Resolution alone does not guarantee how much you can crop. There are many factors that go into how much you can crop. Sensor size, focal length of a zoom lens, aperture, distance to subject, quality of the lens and its resolving power to name just a few. When you start talking about mega pixels it is not a cut and dried issue of more MP = ability to crop more.

You can do a lot of reading if you want to wade through the technical aspects but it is a lot more fun to go out and take pictures and see what you really can do. Experiment with zoom lens for example and a single subject and fill the frame with the subject at its shortest zoom. Now zoom all the way out and keep moving back and until the subject fills the frame as in the first situation.

Get the two shots on your computer and try cropping the same on each picture. Zoom in to 100% on both and see what happens to your image. Once you shoot enough with your equipment you will find out what its limitations are and what you can get away with. That is what makes this a longer learning process than most people think.

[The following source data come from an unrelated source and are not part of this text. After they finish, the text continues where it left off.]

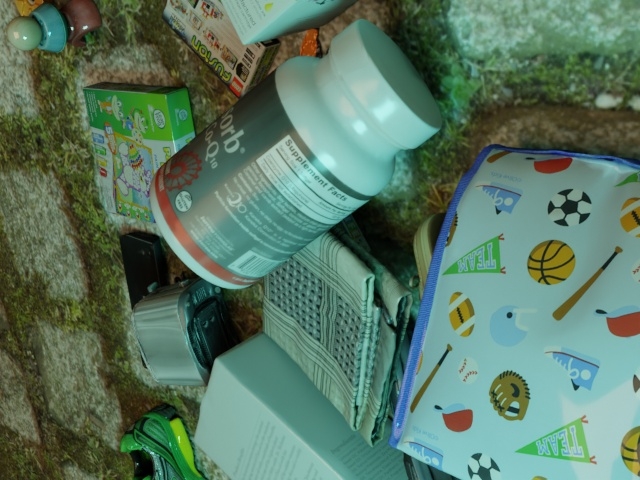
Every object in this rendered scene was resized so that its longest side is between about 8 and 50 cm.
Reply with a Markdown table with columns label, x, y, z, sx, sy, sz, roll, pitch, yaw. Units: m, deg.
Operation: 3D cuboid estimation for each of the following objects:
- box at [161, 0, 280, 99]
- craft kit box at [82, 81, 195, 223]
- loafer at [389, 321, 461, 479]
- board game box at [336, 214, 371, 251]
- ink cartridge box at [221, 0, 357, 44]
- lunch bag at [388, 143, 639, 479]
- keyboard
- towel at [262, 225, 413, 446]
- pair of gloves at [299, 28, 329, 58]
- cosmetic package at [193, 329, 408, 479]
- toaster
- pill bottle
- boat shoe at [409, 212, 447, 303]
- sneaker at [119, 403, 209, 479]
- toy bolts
| label | x | y | z | sx | sy | sz | roll | pitch | yaw |
| --- | --- | --- | --- | --- | --- | --- | --- | --- | --- |
| box | -0.158 | -0.326 | 1.378 | 0.207 | 0.036 | 0.114 | 48 | 136 | 16 |
| craft kit box | -0.315 | -0.154 | 1.607 | 0.247 | 0.061 | 0.249 | 10 | 117 | 38 |
| loafer | 0.158 | 0.255 | 1.319 | 0.109 | 0.095 | 0.302 | 118 | 141 | -77 |
| board game box | 0.000 | 0.000 | 1.394 | 0.154 | 0.026 | 0.103 | -29 | 88 | 48 |
| ink cartridge box | -0.012 | -0.383 | 1.109 | 0.233 | 0.168 | 0.171 | -27 | 90 | 47 |
| lunch bag | 0.293 | 0.095 | 0.997 | 0.328 | 0.239 | 0.385 | 14 | 96 | 41 |
| keyboard | -0.310 | 0.140 | 1.766 | 0.202 | 0.033 | 0.317 | 16 | 121 | 40 |
| towel | 0.004 | 0.110 | 1.339 | 0.324 | 0.056 | 0.312 | 42 | 138 | 39 |
| pair of gloves | 0.003 | -0.262 | 1.272 | 0.083 | 0.010 | 0.074 | 32 | 129 | 28 |
| cosmetic package | 0.009 | 0.375 | 1.473 | 0.453 | 0.162 | 0.230 | 39 | 132 | 23 |
| toaster | -0.245 | 0.178 | 1.630 | 0.147 | 0.129 | 0.226 | -7 | 110 | 32 |
| pill bottle | -0.034 | -0.110 | 1.174 | 0.363 | 0.210 | 0.210 | -36 | 83 | 24 |
| boat shoe | 0.173 | 0.100 | 1.219 | 0.089 | 0.105 | 0.285 | -3 | 109 | 45 |
| sneaker | -0.325 | 0.533 | 1.890 | 0.134 | 0.146 | 0.343 | -20 | 96 | 47 |
| toy bolts | -0.531 | -0.425 | 1.601 | 0.218 | 0.159 | 0.228 | -38 | 82 | 47 |
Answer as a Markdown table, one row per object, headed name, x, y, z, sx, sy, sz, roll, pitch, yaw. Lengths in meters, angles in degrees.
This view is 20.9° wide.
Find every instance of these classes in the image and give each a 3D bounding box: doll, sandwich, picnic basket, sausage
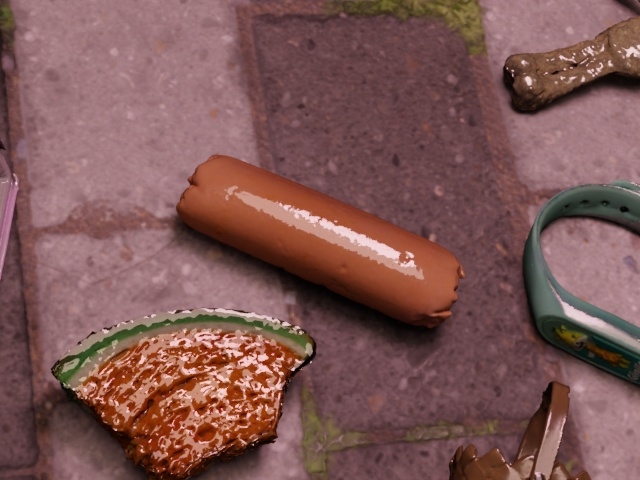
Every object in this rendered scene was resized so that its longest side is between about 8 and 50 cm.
| name | x | y | z | sx | sy | sz | roll | pitch | yaw |
| --- | --- | --- | --- | --- | --- | --- | --- | --- | --- |
| doll | 0.342 | -0.215 | 1.873 | 0.286 | 0.091 | 0.202 | 4 | 49 | 5 |
| sandwich | -0.116 | 0.136 | 1.605 | 0.235 | 0.079 | 0.159 | -22 | 77 | -16 |
| picnic basket | 0.188 | 0.213 | 1.575 | 0.138 | 0.128 | 0.178 | 17 | 77 | -3 |
| sausage | 0.001 | 0.000 | 1.689 | 0.289 | 0.086 | 0.086 | 23 | 60 | 5 |

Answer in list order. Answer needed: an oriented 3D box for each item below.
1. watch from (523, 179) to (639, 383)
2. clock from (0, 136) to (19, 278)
| name | x | y | z | sx | sy | sz | roll | pitch | yaw |
| --- | --- | --- | --- | --- | --- | --- | --- | --- | --- |
| watch | 0.315 | 0.044 | 1.732 | 0.237 | 0.068 | 0.195 | 25 | 58 | 9 |
| clock | -0.341 | -0.016 | 1.604 | 0.071 | 0.147 | 0.192 | 1 | 61 | 7 |
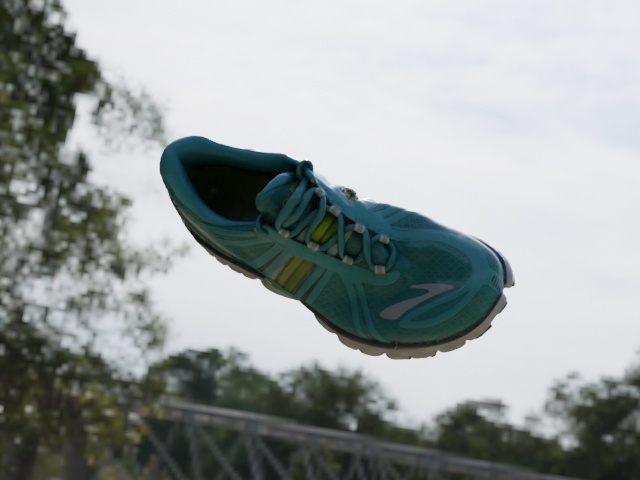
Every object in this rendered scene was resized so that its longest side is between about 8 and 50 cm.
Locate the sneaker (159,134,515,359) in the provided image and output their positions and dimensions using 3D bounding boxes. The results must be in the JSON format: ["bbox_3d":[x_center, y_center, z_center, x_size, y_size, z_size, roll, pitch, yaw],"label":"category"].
[{"bbox_3d":[0.000,0.000,1.024,0.275,0.107,0.110,20,-17,28],"label":"sneaker"}]
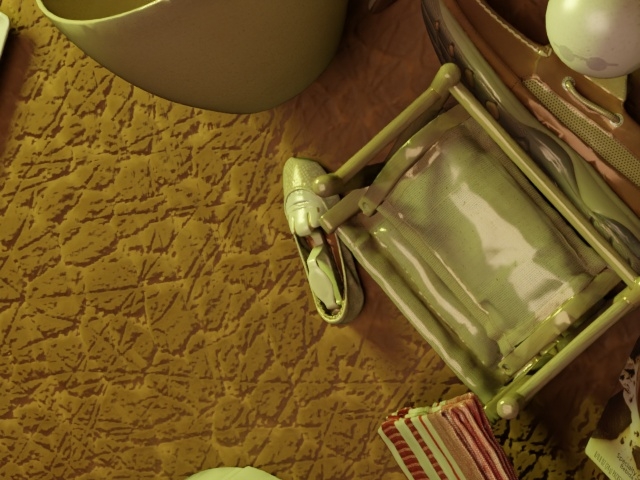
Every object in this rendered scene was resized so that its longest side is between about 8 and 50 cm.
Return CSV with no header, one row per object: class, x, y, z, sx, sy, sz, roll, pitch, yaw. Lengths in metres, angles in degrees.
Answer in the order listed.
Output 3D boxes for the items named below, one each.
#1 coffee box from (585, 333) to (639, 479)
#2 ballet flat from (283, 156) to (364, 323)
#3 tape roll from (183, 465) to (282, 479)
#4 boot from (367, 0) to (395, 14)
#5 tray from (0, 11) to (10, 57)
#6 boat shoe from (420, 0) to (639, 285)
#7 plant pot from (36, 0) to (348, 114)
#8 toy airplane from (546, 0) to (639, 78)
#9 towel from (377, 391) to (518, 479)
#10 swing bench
coffee box,0.359,0.101,1.399,0.168,0.119,0.297,48,124,50
ballet flat,0.000,0.000,1.619,0.057,0.052,0.168,-19,94,28
tape roll,-0.109,0.367,1.695,0.246,0.169,0.246,6,104,24
boot,0.061,-0.275,1.534,0.118,0.042,0.087,-45,76,26
tray,-0.413,-0.143,1.791,0.145,0.030,0.270,28,113,16
boat shoe,0.214,-0.110,1.469,0.116,0.123,0.324,-39,86,-5
plant pot,-0.084,-0.224,1.510,0.284,0.284,0.191,-14,132,27
toy airplane,0.252,-0.246,1.226,0.384,0.272,0.386,36,166,-26
towel,0.148,0.247,1.493,0.037,0.329,0.237,-31,87,-11
swing bench,0.133,0.012,1.472,0.165,0.254,0.253,-41,84,-2
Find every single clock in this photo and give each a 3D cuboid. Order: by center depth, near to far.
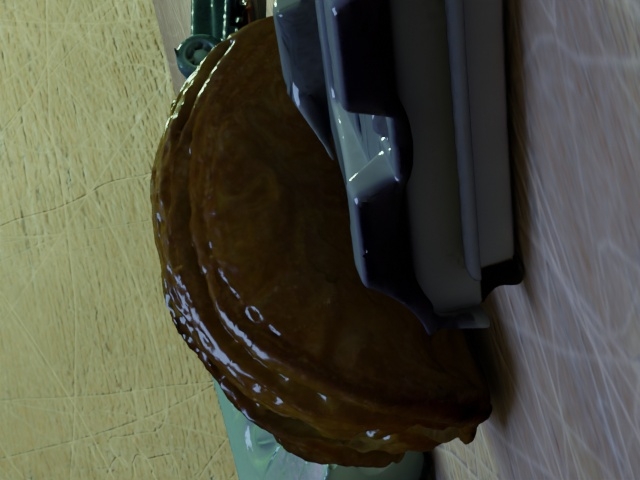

You can snap away all you want and be satisfied with the results and that is cool. If you really want to get to that next big step up you will have to be very aware of what your equipment and you can do or not do. That just comes from shooting a lot and examining that work with a critical eye. What lens, what camera settings, lighting, jpeg or RAW, and on and on. You don't have to go to all those lengths, take it as far as what will make you happy. Often times you discover that you want to get better and better results, you can achieve that once you start to understand the many factors that will give you those very high quality shots.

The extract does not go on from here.